╔══

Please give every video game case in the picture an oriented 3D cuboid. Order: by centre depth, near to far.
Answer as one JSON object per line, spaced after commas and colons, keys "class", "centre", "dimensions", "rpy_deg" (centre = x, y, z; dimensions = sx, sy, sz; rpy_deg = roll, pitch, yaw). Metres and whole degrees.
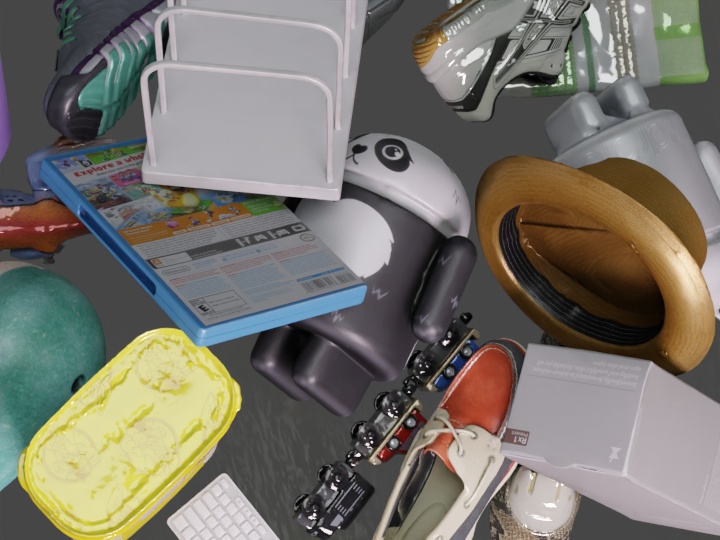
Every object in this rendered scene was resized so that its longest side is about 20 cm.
{"class": "video game case", "centre": [-0.109, -0.027, 1.491], "dimensions": [0.142, 0.018, 0.200], "rpy_deg": [-15, 46, -38]}

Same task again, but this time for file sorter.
{"class": "file sorter", "centre": [-0.071, -0.170, 1.506], "dimensions": [0.137, 0.125, 0.201], "rpy_deg": [6, 55, 3]}

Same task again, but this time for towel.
{"class": "towel", "centre": [0.162, -0.207, 1.676], "dimensions": [0.198, 0.031, 0.151], "rpy_deg": [-4, 82, -9]}

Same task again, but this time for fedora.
{"class": "fedora", "centre": [0.171, -0.019, 1.494], "dimensions": [0.201, 0.201, 0.082], "rpy_deg": [44, 60, 4]}

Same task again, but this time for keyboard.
{"class": "keyboard", "centre": [-0.057, 0.241, 1.575], "dimensions": [0.056, 0.011, 0.200], "rpy_deg": [-38, 85, -11]}

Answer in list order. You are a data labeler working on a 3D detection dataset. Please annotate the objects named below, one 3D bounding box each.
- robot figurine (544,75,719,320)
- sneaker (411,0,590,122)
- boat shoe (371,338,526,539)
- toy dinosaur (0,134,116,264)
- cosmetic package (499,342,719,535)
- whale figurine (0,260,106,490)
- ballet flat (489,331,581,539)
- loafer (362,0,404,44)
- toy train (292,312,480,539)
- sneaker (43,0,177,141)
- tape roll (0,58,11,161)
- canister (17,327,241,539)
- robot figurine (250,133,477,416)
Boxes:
{"class": "robot figurine", "centre": [0.207, -0.038, 1.601], "dimensions": [0.168, 0.113, 0.201], "rpy_deg": [-22, 82, -19]}
{"class": "sneaker", "centre": [0.133, -0.186, 1.627], "dimensions": [0.199, 0.076, 0.088], "rpy_deg": [-36, 104, -10]}
{"class": "boat shoe", "centre": [0.063, 0.140, 1.556], "dimensions": [0.071, 0.062, 0.201], "rpy_deg": [26, 91, 34]}
{"class": "toy dinosaur", "centre": [-0.241, -0.021, 1.540], "dimensions": [0.180, 0.106, 0.200], "rpy_deg": [14, 39, 25]}
{"class": "cosmetic package", "centre": [0.195, 0.121, 1.519], "dimensions": [0.106, 0.200, 0.091], "rpy_deg": [8, 74, 36]}
{"class": "whale figurine", "centre": [-0.243, 0.097, 1.508], "dimensions": [0.103, 0.159, 0.202], "rpy_deg": [19, 90, 30]}
{"class": "ballet flat", "centre": [0.139, 0.124, 1.584], "dimensions": [0.067, 0.075, 0.202], "rpy_deg": [16, 79, -3]}
{"class": "loafer", "centre": [-0.055, -0.168, 1.624], "dimensions": [0.200, 0.072, 0.063], "rpy_deg": [-40, 79, -9]}
{"class": "toy train", "centre": [0.025, 0.114, 1.595], "dimensions": [0.046, 0.034, 0.200], "rpy_deg": [40, 79, -10]}
{"class": "sneaker", "centre": [-0.198, -0.156, 1.569], "dimensions": [0.087, 0.200, 0.075], "rpy_deg": [23, 120, 9]}
{"class": "tape roll", "centre": [-0.347, -0.114, 1.528], "dimensions": [0.198, 0.066, 0.201], "rpy_deg": [-1, 40, 1]}
{"class": "canister", "centre": [-0.157, 0.121, 1.491], "dimensions": [0.087, 0.200, 0.148], "rpy_deg": [45, 78, 4]}
{"class": "robot figurine", "centre": [-0.002, -0.001, 1.567], "dimensions": [0.149, 0.125, 0.201], "rpy_deg": [27, 78, 0]}
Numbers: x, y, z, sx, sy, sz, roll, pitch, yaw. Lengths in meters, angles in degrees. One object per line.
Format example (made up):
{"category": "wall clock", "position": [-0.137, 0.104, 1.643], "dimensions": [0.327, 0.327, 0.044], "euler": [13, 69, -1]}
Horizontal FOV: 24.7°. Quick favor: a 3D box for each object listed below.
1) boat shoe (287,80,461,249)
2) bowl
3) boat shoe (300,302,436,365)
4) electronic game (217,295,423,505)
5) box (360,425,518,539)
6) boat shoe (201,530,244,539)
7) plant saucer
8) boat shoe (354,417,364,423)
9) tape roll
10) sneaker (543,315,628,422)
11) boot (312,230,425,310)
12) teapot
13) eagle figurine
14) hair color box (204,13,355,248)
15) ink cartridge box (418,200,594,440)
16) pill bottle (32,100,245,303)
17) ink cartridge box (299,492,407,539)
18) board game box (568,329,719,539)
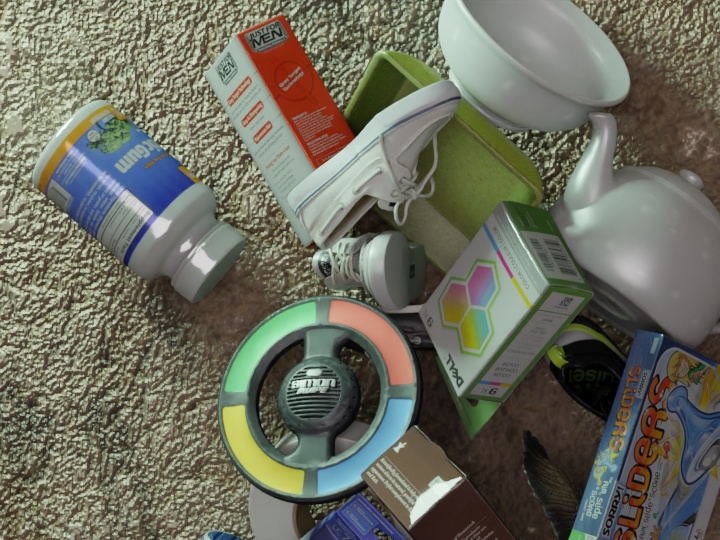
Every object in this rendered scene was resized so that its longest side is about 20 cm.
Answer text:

╚══

**REQUIREMENT**
Apart from the pictures, repeat every entry exactly.

**TASK OUTPUT**
Please give every video game case in the picture an oriented 3D cuboid. Order: by centre depth, near to far.
Answer as one JSON object per line, spaced after commas and colons, keys "class", "centre", "dimensions", "rpy_deg" (centre = x, y, z; dimensions = sx, sy, sz; rpy_deg = roll, pitch, yaw). Metres and whole degrees.
Every object in this rendered scene was resized so that its longest side is about 20 cm.
{"class": "video game case", "centre": [-0.109, -0.027, 1.491], "dimensions": [0.142, 0.018, 0.200], "rpy_deg": [-15, 46, -38]}

Same task again, but this time for file sorter.
{"class": "file sorter", "centre": [-0.071, -0.170, 1.506], "dimensions": [0.137, 0.125, 0.201], "rpy_deg": [6, 55, 3]}

Same task again, but this time for towel.
{"class": "towel", "centre": [0.162, -0.207, 1.676], "dimensions": [0.198, 0.031, 0.151], "rpy_deg": [-4, 82, -9]}

Same task again, but this time for fedora.
{"class": "fedora", "centre": [0.171, -0.019, 1.494], "dimensions": [0.201, 0.201, 0.082], "rpy_deg": [44, 60, 4]}

Same task again, but this time for keyboard.
{"class": "keyboard", "centre": [-0.057, 0.241, 1.575], "dimensions": [0.056, 0.011, 0.200], "rpy_deg": [-38, 85, -11]}

Answer in list order. You are a data labeler working on a 3D detection dataset. Please annotate the objects named below, one 3D bounding box each.
- robot figurine (544,75,719,320)
- sneaker (411,0,590,122)
- boat shoe (371,338,526,539)
- toy dinosaur (0,134,116,264)
- cosmetic package (499,342,719,535)
- whale figurine (0,260,106,490)
- ballet flat (489,331,581,539)
- loafer (362,0,404,44)
- toy train (292,312,480,539)
- sneaker (43,0,177,141)
- tape roll (0,58,11,161)
- canister (17,327,241,539)
- robot figurine (250,133,477,416)
Boxes:
{"class": "robot figurine", "centre": [0.207, -0.038, 1.601], "dimensions": [0.168, 0.113, 0.201], "rpy_deg": [-22, 82, -19]}
{"class": "sneaker", "centre": [0.133, -0.186, 1.627], "dimensions": [0.199, 0.076, 0.088], "rpy_deg": [-36, 104, -10]}
{"class": "boat shoe", "centre": [0.063, 0.140, 1.556], "dimensions": [0.071, 0.062, 0.201], "rpy_deg": [26, 91, 34]}
{"class": "toy dinosaur", "centre": [-0.241, -0.021, 1.540], "dimensions": [0.180, 0.106, 0.200], "rpy_deg": [14, 39, 25]}
{"class": "cosmetic package", "centre": [0.195, 0.121, 1.519], "dimensions": [0.106, 0.200, 0.091], "rpy_deg": [8, 74, 36]}
{"class": "whale figurine", "centre": [-0.243, 0.097, 1.508], "dimensions": [0.103, 0.159, 0.202], "rpy_deg": [19, 90, 30]}
{"class": "ballet flat", "centre": [0.139, 0.124, 1.584], "dimensions": [0.067, 0.075, 0.202], "rpy_deg": [16, 79, -3]}
{"class": "loafer", "centre": [-0.055, -0.168, 1.624], "dimensions": [0.200, 0.072, 0.063], "rpy_deg": [-40, 79, -9]}
{"class": "toy train", "centre": [0.025, 0.114, 1.595], "dimensions": [0.046, 0.034, 0.200], "rpy_deg": [40, 79, -10]}
{"class": "sneaker", "centre": [-0.198, -0.156, 1.569], "dimensions": [0.087, 0.200, 0.075], "rpy_deg": [23, 120, 9]}
{"class": "tape roll", "centre": [-0.347, -0.114, 1.528], "dimensions": [0.198, 0.066, 0.201], "rpy_deg": [-1, 40, 1]}
{"class": "canister", "centre": [-0.157, 0.121, 1.491], "dimensions": [0.087, 0.200, 0.148], "rpy_deg": [45, 78, 4]}
{"class": "robot figurine", "centre": [-0.002, -0.001, 1.567], "dimensions": [0.149, 0.125, 0.201], "rpy_deg": [27, 78, 0]}
Numbers: x, y, z, sx, sy, sz, roll, pitch, yaw. Lengths in meters, angles in degrees. One object per line.
Format example (made up):
{"category": "wall clock", "position": [-0.137, 0.104, 1.643], "dimensions": [0.327, 0.327, 0.044], "euler": [13, 69, -1]}
Horizontal FOV: 24.7°. Quick favor: a 3D box for each object listed below.
1) boat shoe (287,80,461,249)
2) bowl
3) boat shoe (300,302,436,365)
4) electronic game (217,295,423,505)
5) box (360,425,518,539)
6) boat shoe (201,530,244,539)
7) plant saucer
8) boat shoe (354,417,364,423)
9) tape roll
10) sneaker (543,315,628,422)
11) boot (312,230,425,310)
12) teapot
13) eagle figurine
14) hair color box (204,13,355,248)
15) ink cartridge box (418,200,594,440)
16) pill bottle (32,100,245,303)
17) ink cartridge box (299,492,407,539)
18) board game box (568,329,719,539)
Every object in this rendered scene was resized so that its longest side is about 20 cm.
Answer text:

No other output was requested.